JEFFERSON CITY, Mo. – As the House debated an appropriations bill to provide funding to the state’s institutions of higher learning, state Rep. Courtney Allen Curtis offered an amendment to ensure Missouri universities and colleges make campus safety their top priority. The amendment offered by Curtis comes in response to yet another sexual assault at a Missouri university, and in an effort to force university leadership to effectively plan to improve student safety.

“I have repeatedly called on our universities to take this matter seriously and to step up their efforts to make student safety a top priority, but my calls have continued to fall on deaf ears,” said Curtis, D-Ferguson. “Now with this latest sexual assault at UMSL, it has again become painfully obvious that the neglect our universities have shown on this issue has put our students at excessive risk.”

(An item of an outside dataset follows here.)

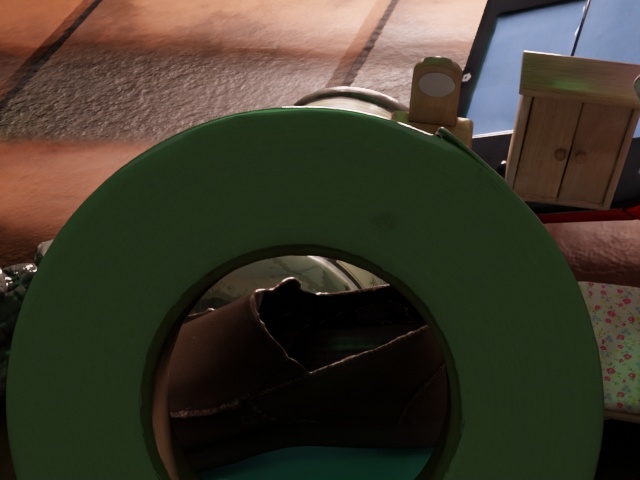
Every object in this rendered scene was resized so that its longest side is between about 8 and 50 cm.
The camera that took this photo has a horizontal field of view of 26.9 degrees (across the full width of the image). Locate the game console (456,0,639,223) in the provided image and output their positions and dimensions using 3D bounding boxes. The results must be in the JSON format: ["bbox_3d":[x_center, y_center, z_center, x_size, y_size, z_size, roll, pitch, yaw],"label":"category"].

The amendment Curtis offered to HB 2003 would require that 10 percent of each institution’s core funding be designated to the safety and security of students. The amendment specifies that the first priority would be given to safety measures and security personnel. The second priority would be given to the education of students, staff and campus at large to reduce sexual assault, violence and harassment. The third priority would be to methods that increase the general safety of the campus.

Curtis noted that if the goals of the safety improvement plan are met, his amendment would allow an institution to utilize up to half of the funds for other purposes.

After debate, the amendment was ultimately rejected by a voice vote.